# what is the difference between inverter and ups?



## chennai inverters (Aug 26, 2014)

hi friends, i want to buy inverter or ups for my home especially my personal computer. i have little bit confussion about inverter and ups. somebody suggest inverter is best for home and some of the suggest ups is best for my personal computer.


----------



## TechnoBOY (Sep 20, 2014)

Dear Buddy,

While both UPS and the Inverter provide backup power during mains outage, with the UPS the switch is instantaneous, whereas with the Inverter there is a gap of a second or two. In both the cases AC is converted into DC.

This gap is OK for household gadgets such as lights, fans, fridge, etc. but not OK for computers.

UPS: The main AC which is converted into DC is constantly charging the battery. The output of the battery is fed to the Sine wave inverter and it converts DC to AC and this feeds the equipment. Since power out is always drawn from the battery, there is no time lag when mains swicthes off; it just stops the battery from being charged and the UPS continues to supply power till the battery runs out.

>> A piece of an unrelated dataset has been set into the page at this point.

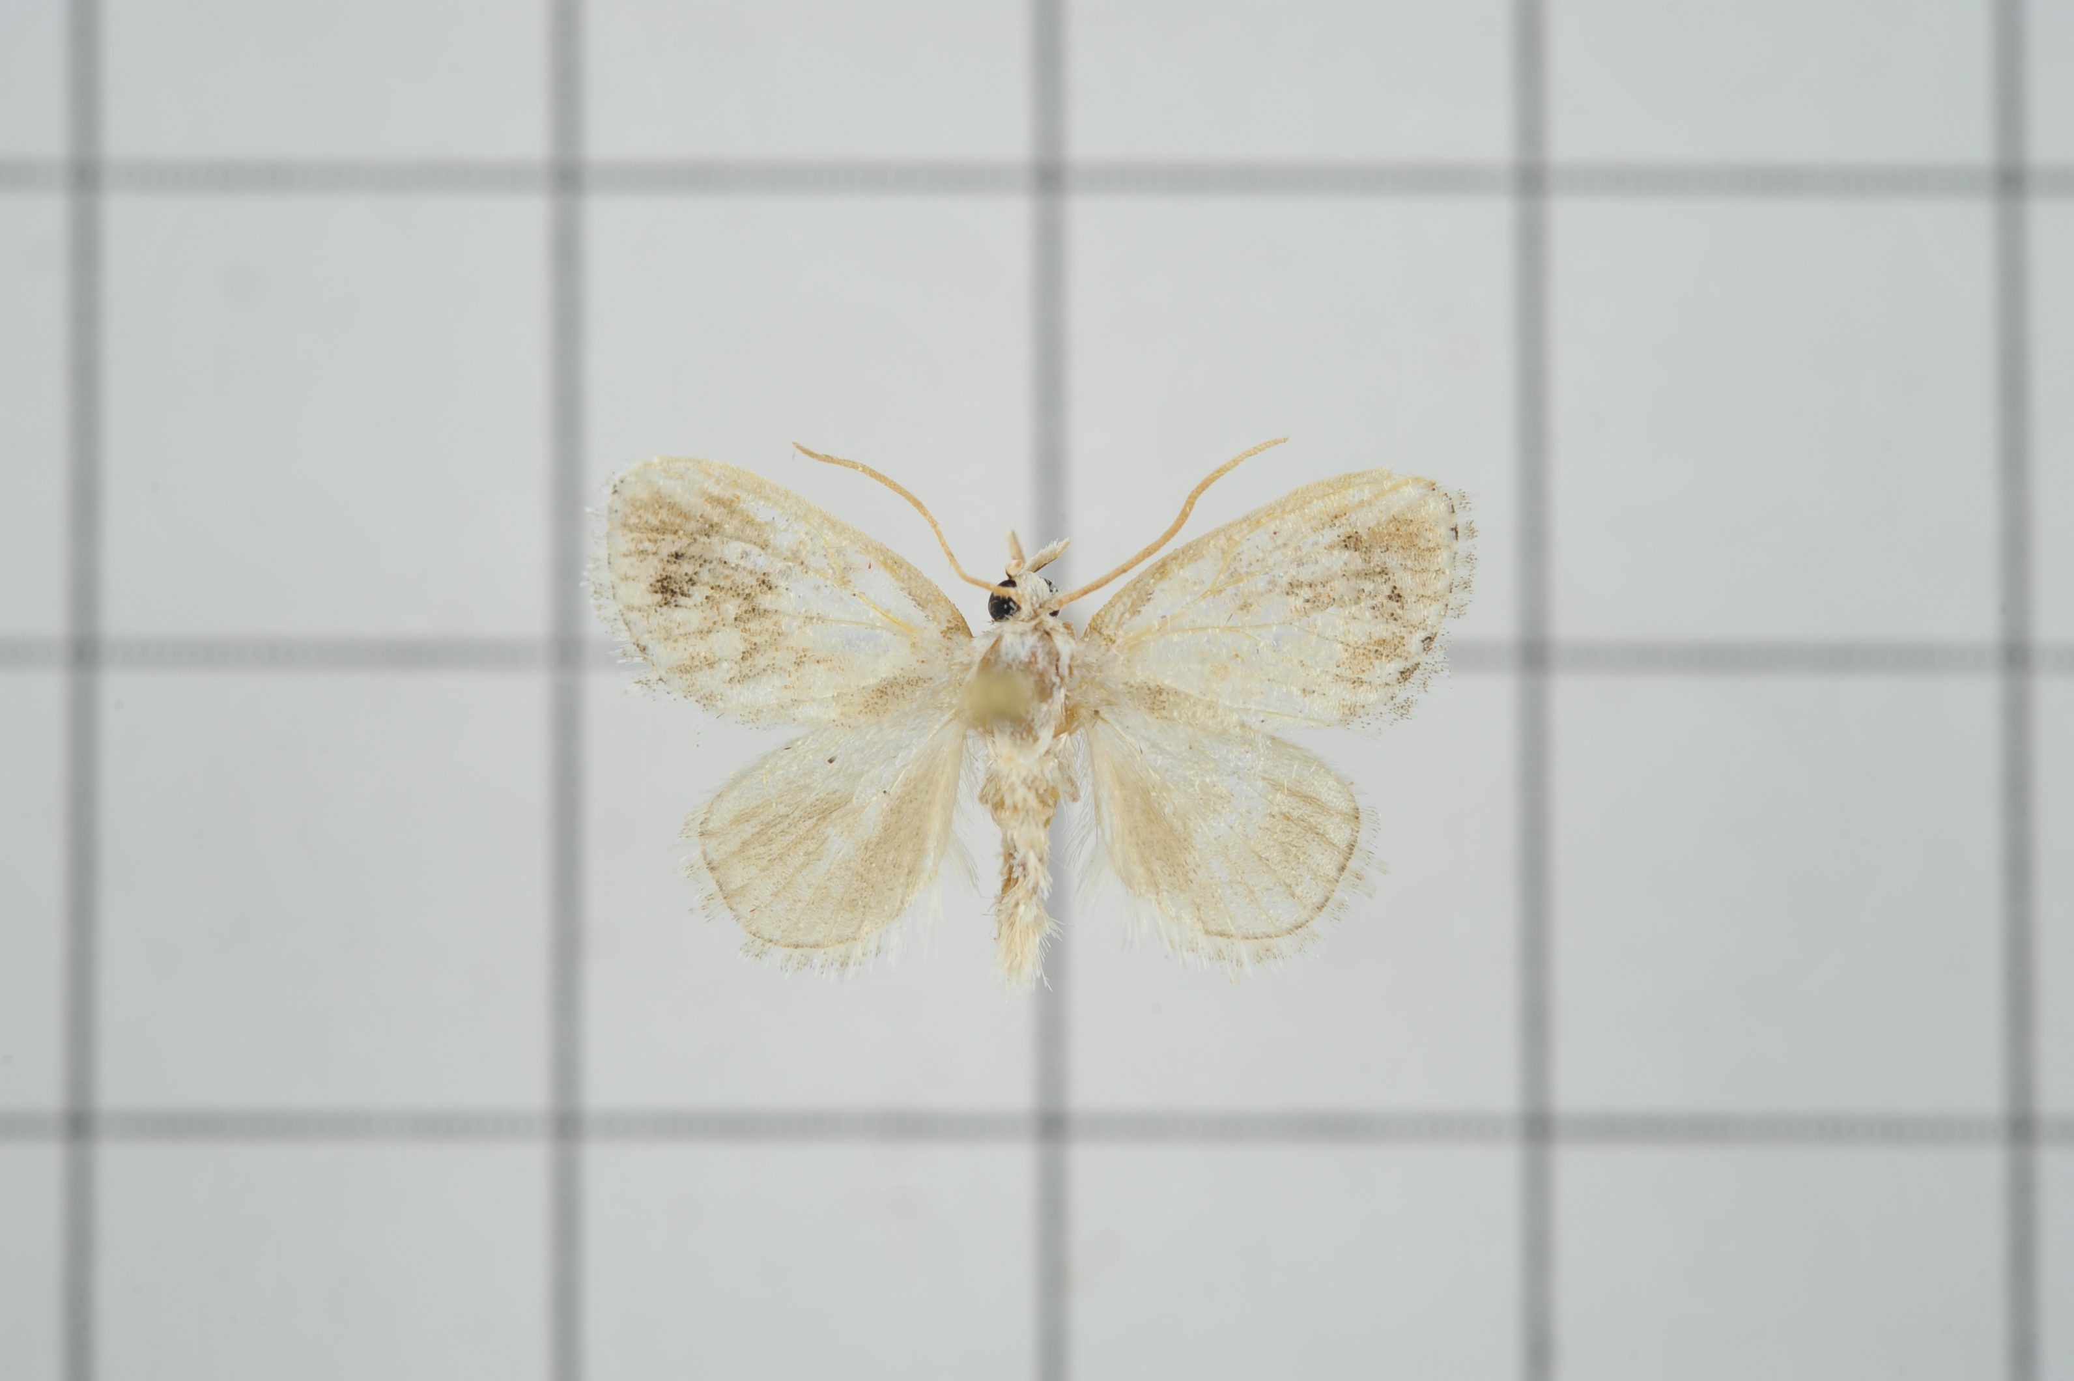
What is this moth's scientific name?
Narosa nigrisigna
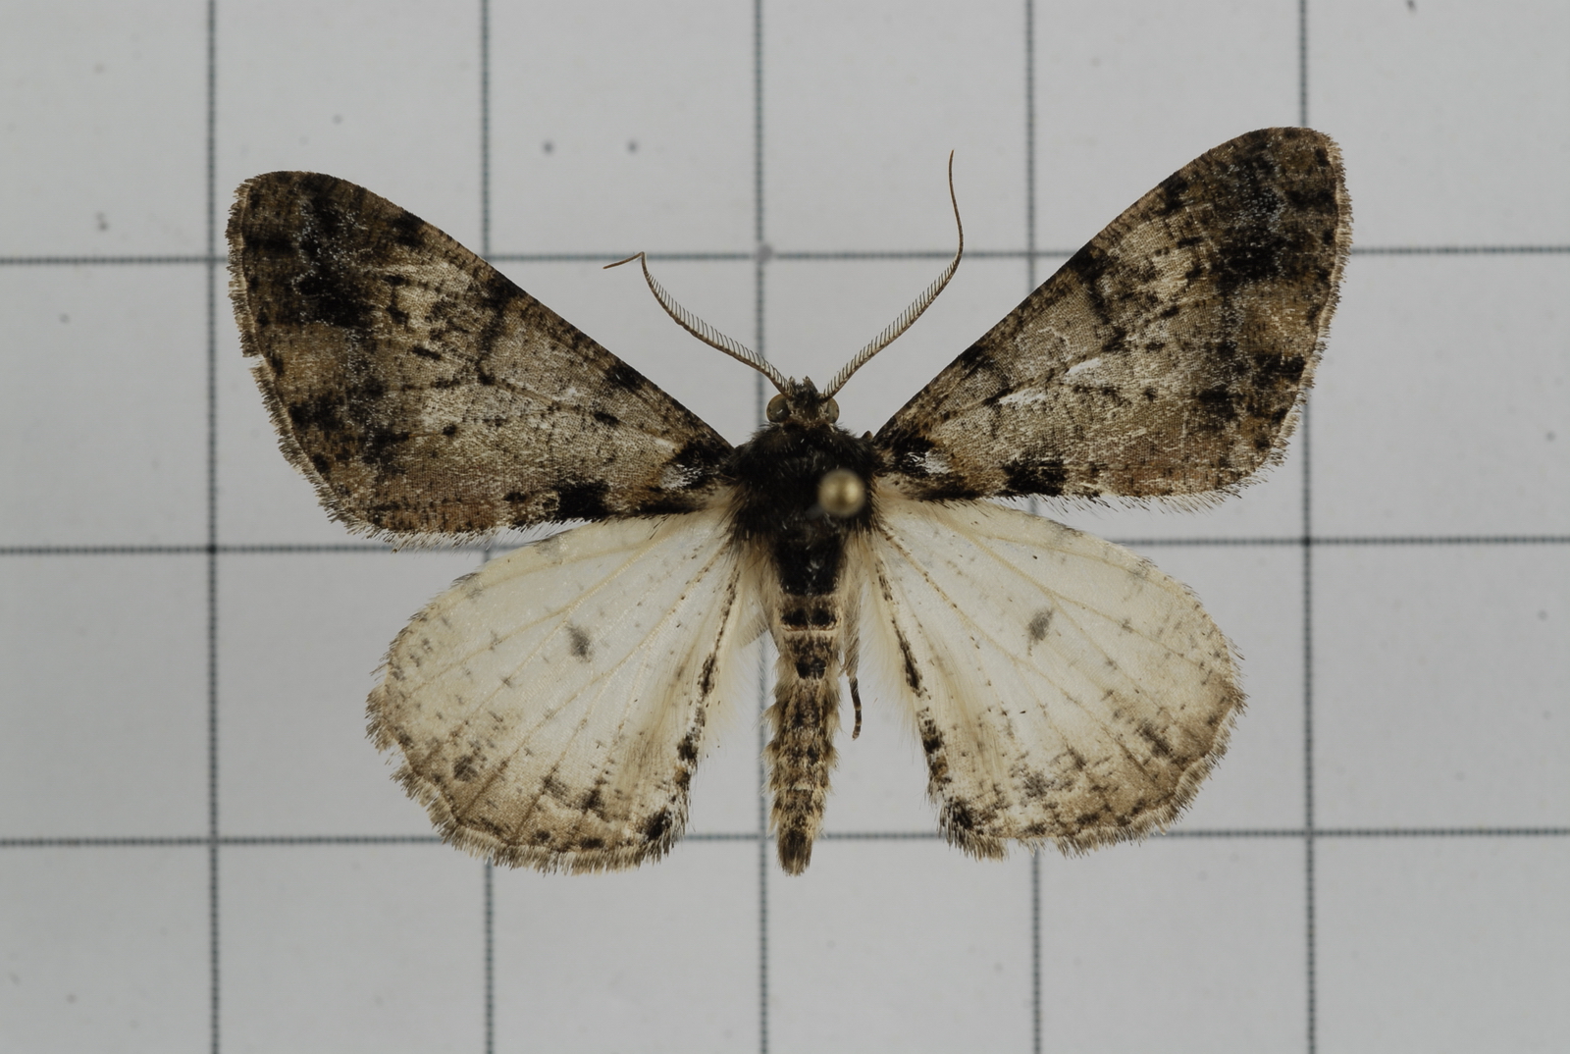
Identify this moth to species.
Alcis semiusta

Inverter: The main AC which is converted into DC is constantly charging the battery. A sensor and relay mechanism checks whether the mains is ON or OFF. When the main switches OFF, the relay actuator triggers to switch from mains to inverter. Rest is same like the UPS. Because of this sensor and relay, there is a gap between triggering.


----------



## vidhubhushan (Sep 21, 2014)

^ the above holds true for Online UPS but not offline which is the same as inverter except the change over time to battery in case of power off is very less hence no restart for a computer.
some inverter have UPS mode as well.


----------